Prediction of heavy-duty engine performance for renewable fuels based on fuel property characteristics

Abstract

Renewable drop-in fuels can bring timely and efficient defossilization of the current fleet of heavy-duty vehicles. In the present study, different blends of renewable components with standard diesel were analyzed in the context of end-use performance. Based on experimental data from driving cycles, a novel modeling approach was applied to develop a state-of-the-art mathematical model that enables an accurate estimation of fuel consumption and tailpipe CO2 emissions from heavy-duty vehicles relying solely on fuel properties. The predictions revealed strong agreements with experimental data confirmed by the high coefficient of determination (0.975).

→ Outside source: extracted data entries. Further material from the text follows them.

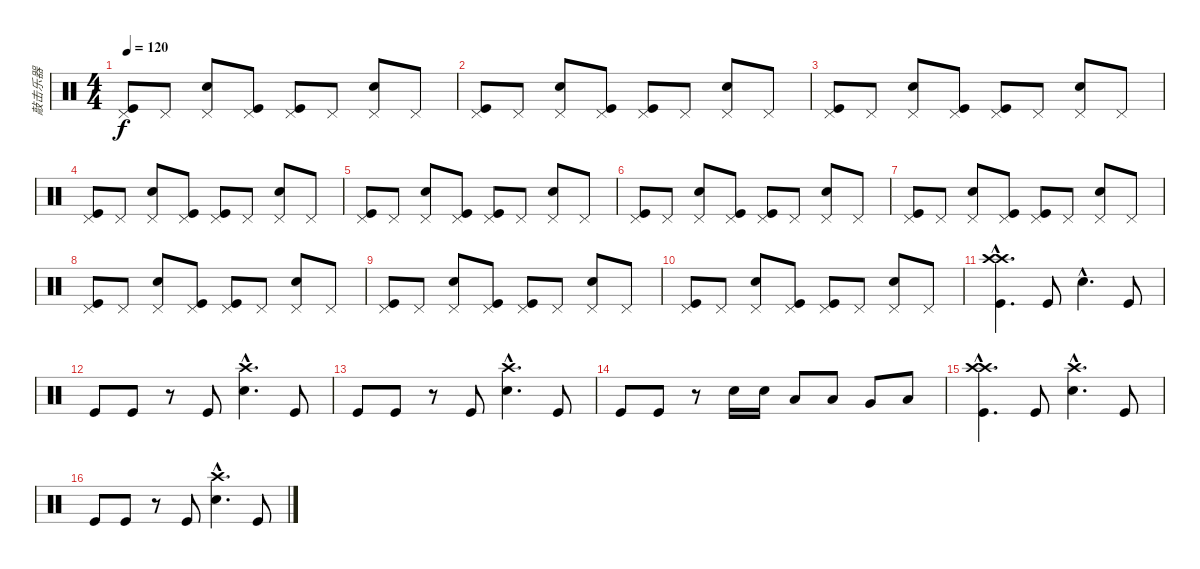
\track ("敲击乐器" "敲击乐器") {instrument percussion}
\staff {score}
\articulation defaults
\ts (4 4)
\tempo 120
\clef neutral
\ks c
("Pedal Hi-Hat (hit)" "Kick (hit)").8{dy f} "Pedal Hi-Hat (hit)".8 ("Pedal Hi-Hat (hit)" "Metronome (bell)").8 ("Pedal Hi-Hat (hit)" "Kick (hit)").8 ("Pedal Hi-Hat (hit)" "Kick (hit)").8 "Pedal Hi-Hat (hit)".8 ("Pedal Hi-Hat (hit)" "Metronome (bell)").8 "Pedal Hi-Hat (hit)".8 |
("Pedal Hi-Hat (hit)" "Kick (hit)").8 "Pedal Hi-Hat (hit)".8 ("Pedal Hi-Hat (hit)" "Metronome (bell)").8 ("Pedal Hi-Hat (hit)" "Kick (hit)").8 ("Pedal Hi-Hat (hit)" "Kick (hit)").8 "Pedal Hi-Hat (hit)".8 ("Pedal Hi-Hat (hit)" "Metronome (bell)").8 "Pedal Hi-Hat (hit)".8 |
("Pedal Hi-Hat (hit)" "Kick (hit)").8 "Pedal Hi-Hat (hit)".8 ("Pedal Hi-Hat (hit)" "Metronome (bell)").8 ("Pedal Hi-Hat (hit)" "Kick (hit)").8 ("Pedal Hi-Hat (hit)" "Kick (hit)").8 "Pedal Hi-Hat (hit)".8 ("Pedal Hi-Hat (hit)" "Metronome (bell)").8 "Pedal Hi-Hat (hit)".8 |
("Pedal Hi-Hat (hit)" "Kick (hit)").8 "Pedal Hi-Hat (hit)".8 ("Pedal Hi-Hat (hit)" "Metronome (bell)").8 ("Pedal Hi-Hat (hit)" "Kick (hit)").8 ("Pedal Hi-Hat (hit)" "Kick (hit)").8 "Pedal Hi-Hat (hit)".8 ("Pedal Hi-Hat (hit)" "Metronome (bell)").8 "Pedal Hi-Hat (hit)".8 |
("Pedal Hi-Hat (hit)" "Kick (hit)").8 "Pedal Hi-Hat (hit)".8 ("Pedal Hi-Hat (hit)" "Metronome (bell)").8 ("Pedal Hi-Hat (hit)" "Kick (hit)").8 ("Pedal Hi-Hat (hit)" "Kick (hit)").8 "Pedal Hi-Hat (hit)".8 ("Pedal Hi-Hat (hit)" "Metronome (bell)").8 "Pedal Hi-Hat (hit)".8 |
("Pedal Hi-Hat (hit)" "Kick (hit)").8 "Pedal Hi-Hat (hit)".8 ("Pedal Hi-Hat (hit)" "Metronome (bell)").8 ("Pedal Hi-Hat (hit)" "Kick (hit)").8 ("Pedal Hi-Hat (hit)" "Kick (hit)").8 "Pedal Hi-Hat (hit)".8 ("Pedal Hi-Hat (hit)" "Metronome (bell)").8 "Pedal Hi-Hat (hit)".8 |
("Pedal Hi-Hat (hit)" "Kick (hit)").8 "Pedal Hi-Hat (hit)".8 ("Pedal Hi-Hat (hit)" "Metronome (bell)").8 ("Pedal Hi-Hat (hit)" "Kick (hit)").8 ("Pedal Hi-Hat (hit)" "Kick (hit)").8 "Pedal Hi-Hat (hit)".8 ("Pedal Hi-Hat (hit)" "Metronome (bell)").8 "Pedal Hi-Hat (hit)".8 |
("Pedal Hi-Hat (hit)" "Kick (hit)").8 "Pedal Hi-Hat (hit)".8 ("Pedal Hi-Hat (hit)" "Metronome (bell)").8 ("Pedal Hi-Hat (hit)" "Kick (hit)").8 ("Pedal Hi-Hat (hit)" "Kick (hit)").8 "Pedal Hi-Hat (hit)".8 ("Pedal Hi-Hat (hit)" "Metronome (bell)").8 "Pedal Hi-Hat (hit)".8 |
("Pedal Hi-Hat (hit)" "Kick (hit)").8 "Pedal Hi-Hat (hit)".8 ("Pedal Hi-Hat (hit)" "Metronome (bell)").8 ("Pedal Hi-Hat (hit)" "Kick (hit)").8 ("Pedal Hi-Hat (hit)" "Kick (hit)").8 "Pedal Hi-Hat (hit)".8 ("Pedal Hi-Hat (hit)" "Metronome (bell)").8 "Pedal Hi-Hat (hit)".8 |
("Pedal Hi-Hat (hit)" "Kick (hit)").8 "Pedal Hi-Hat (hit)".8 ("Pedal Hi-Hat (hit)" "Metronome (bell)").8 ("Pedal Hi-Hat (hit)" "Kick (hit)").8 ("Pedal Hi-Hat (hit)" "Kick (hit)").8 "Pedal Hi-Hat (hit)".8 ("Pedal Hi-Hat (hit)" "Metronome (bell)").8 "Pedal Hi-Hat (hit)".8 |
("Crash high (hit)"{hac} "Crash high (hit)"{hac} "Kick (hit)"{hac}).4{d} "Kick (hit)".8 "Metronome (bell)"{hac}.4{d} "Kick (hit)".8 |
"Kick (hit)".8 "Kick (hit)".8 r.8 "Kick (hit)".8 ("Crash high (hit)"{hac} "Metronome (bell)"{hac}).4{d} "Kick (hit)".8 |
"Kick (hit)".8 "Kick (hit)".8 r.8 "Kick (hit)".8 ("Crash high (hit)"{hac} "Metronome (bell)"{hac}).4{d} "Kick (hit)".8 |
"Kick (hit)".8 "Kick (hit)".8 r.8 "Metronome (bell)".16 "Metronome (bell)".16 "Low Tom (hit)".8 "Low Tom (hit)".8 "Very Low Tom (hit)".8 "Low Floor Tom (hit)".8 |
("Crash high (hit)"{hac} "Crash high (hit)"{hac} "Kick (hit)"{hac}).4{d} "Kick (hit)".8 ("Crash high (hit)"{hac} "Metronome (bell)"{hac}).4{d} "Kick (hit)".8 |
"Kick (hit)".8 "Kick (hit)".8 r.8 "Kick (hit)".8 ("Crash high (hit)"{hac} "Metronome (bell)"{hac}).4{d} "Kick (hit)".8
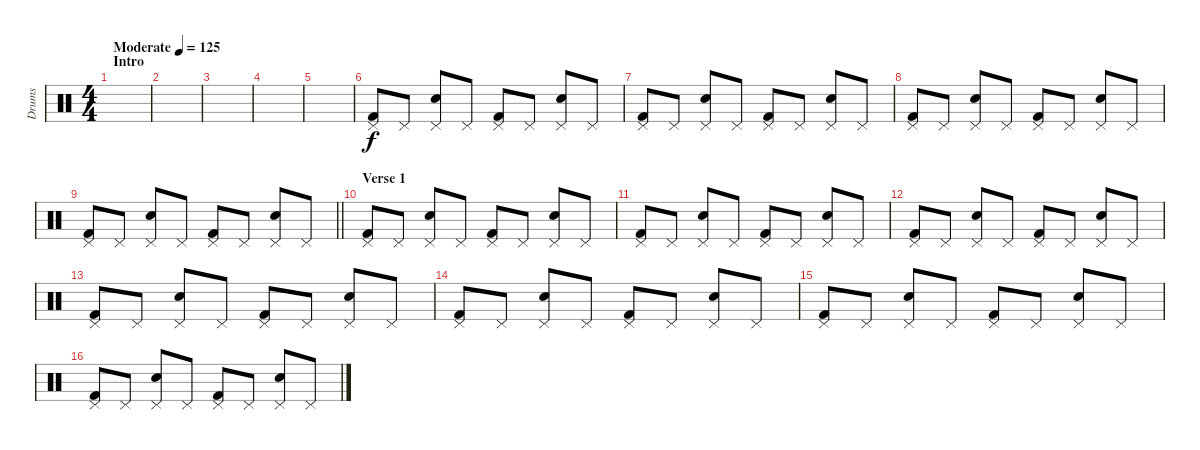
\track ("Drums" "Drums") {instrument percussion}
\staff {score}
\articulation defaults
\ts (4 4)
\section ("" "Intro")
\tempo (125 "Moderate")
\clef neutral
\ks c
|
|
|
|
|
("Pedal Hi-Hat (hit)" "Kick (hit) 2").8 "Pedal Hi-Hat (hit)".8 ("Pedal Hi-Hat (hit)" "Snare (hit) 2").8 "Pedal Hi-Hat (hit)".8 ("Pedal Hi-Hat (hit)" "Kick (hit) 2").8 "Pedal Hi-Hat (hit)".8 ("Pedal Hi-Hat (hit)" "Snare (hit) 2").8 "Pedal Hi-Hat (hit)".8 |
("Pedal Hi-Hat (hit)" "Kick (hit) 2").8 "Pedal Hi-Hat (hit)".8 ("Pedal Hi-Hat (hit)" "Snare (hit) 2").8 "Pedal Hi-Hat (hit)".8 ("Pedal Hi-Hat (hit)" "Kick (hit) 2").8 "Pedal Hi-Hat (hit)".8 ("Pedal Hi-Hat (hit)" "Snare (hit) 2").8 "Pedal Hi-Hat (hit)".8 |
("Pedal Hi-Hat (hit)" "Kick (hit) 2").8 "Pedal Hi-Hat (hit)".8 ("Pedal Hi-Hat (hit)" "Snare (hit) 2").8 "Pedal Hi-Hat (hit)".8 ("Pedal Hi-Hat (hit)" "Kick (hit) 2").8 "Pedal Hi-Hat (hit)".8 ("Pedal Hi-Hat (hit)" "Snare (hit) 2").8 "Pedal Hi-Hat (hit)".8 |
\barLineRight lightlight
("Pedal Hi-Hat (hit)" "Kick (hit) 2").8 "Pedal Hi-Hat (hit)".8 ("Pedal Hi-Hat (hit)" "Snare (hit) 2").8 "Pedal Hi-Hat (hit)".8 ("Pedal Hi-Hat (hit)" "Kick (hit) 2").8 "Pedal Hi-Hat (hit)".8 ("Pedal Hi-Hat (hit)" "Snare (hit) 2").8 "Pedal Hi-Hat (hit)".8 |
\section ("" "Verse 1")
("Pedal Hi-Hat (hit)" "Kick (hit) 2").8 "Pedal Hi-Hat (hit)".8 ("Pedal Hi-Hat (hit)" "Snare (hit) 2").8 "Pedal Hi-Hat (hit)".8 ("Pedal Hi-Hat (hit)" "Kick (hit) 2").8 "Pedal Hi-Hat (hit)".8 ("Pedal Hi-Hat (hit)" "Snare (hit) 2").8 "Pedal Hi-Hat (hit)".8 |
("Pedal Hi-Hat (hit)" "Kick (hit) 2").8 "Pedal Hi-Hat (hit)".8 ("Pedal Hi-Hat (hit)" "Snare (hit) 2").8 "Pedal Hi-Hat (hit)".8 ("Pedal Hi-Hat (hit)" "Kick (hit) 2").8 "Pedal Hi-Hat (hit)".8 ("Pedal Hi-Hat (hit)" "Snare (hit) 2").8 "Pedal Hi-Hat (hit)".8 |
("Pedal Hi-Hat (hit)" "Kick (hit) 2").8 "Pedal Hi-Hat (hit)".8 ("Pedal Hi-Hat (hit)" "Snare (hit) 2").8 "Pedal Hi-Hat (hit)".8 ("Pedal Hi-Hat (hit)" "Kick (hit) 2").8 "Pedal Hi-Hat (hit)".8 ("Pedal Hi-Hat (hit)" "Snare (hit) 2").8 "Pedal Hi-Hat (hit)".8 |
("Pedal Hi-Hat (hit)" "Kick (hit) 2").8 "Pedal Hi-Hat (hit)".8 ("Pedal Hi-Hat (hit)" "Snare (hit) 2").8 "Pedal Hi-Hat (hit)".8 ("Pedal Hi-Hat (hit)" "Kick (hit) 2").8 "Pedal Hi-Hat (hit)".8 ("Pedal Hi-Hat (hit)" "Snare (hit) 2").8 "Pedal Hi-Hat (hit)".8 |
("Pedal Hi-Hat (hit)" "Kick (hit) 2").8 "Pedal Hi-Hat (hit)".8 ("Pedal Hi-Hat (hit)" "Snare (hit) 2").8 "Pedal Hi-Hat (hit)".8 ("Pedal Hi-Hat (hit)" "Kick (hit) 2").8 "Pedal Hi-Hat (hit)".8 ("Pedal Hi-Hat (hit)" "Snare (hit) 2").8 "Pedal Hi-Hat (hit)".8 |
("Pedal Hi-Hat (hit)" "Kick (hit) 2").8 "Pedal Hi-Hat (hit)".8 ("Pedal Hi-Hat (hit)" "Snare (hit) 2").8 "Pedal Hi-Hat (hit)".8 ("Pedal Hi-Hat (hit)" "Kick (hit) 2").8 "Pedal Hi-Hat (hit)".8 ("Pedal Hi-Hat (hit)" "Snare (hit) 2").8 "Pedal Hi-Hat (hit)".8 |
("Pedal Hi-Hat (hit)" "Kick (hit) 2").8 "Pedal Hi-Hat (hit)".8 ("Pedal Hi-Hat (hit)" "Snare (hit) 2").8 "Pedal Hi-Hat (hit)".8 ("Pedal Hi-Hat (hit)" "Kick (hit) 2").8 "Pedal Hi-Hat (hit)".8 ("Pedal Hi-Hat (hit)" "Snare (hit) 2").8 "Pedal Hi-Hat (hit)".8

The final model represents fuel properties’ collective impact on heavy-duty vehicle’s fuel economy over the Braunschweig cycle where heating value, density, and cetane number showed the strongest impact (p-values <0.01). The developed model was applied to simulate the effect of alternative diesel fuels on end-use performance. The increase in mass-based fuel consumption was observed for FAME (14%), oxymethylene ether blends (up to 65%), moderate contents of butanol and pentanol blends (up to 11%), while neat HVO improved fuel economy (6%). The introduced model can be applied to the assessment of renewable liquid fuel blends in heavy-duty transport and serves as a support for industry and decision-makers.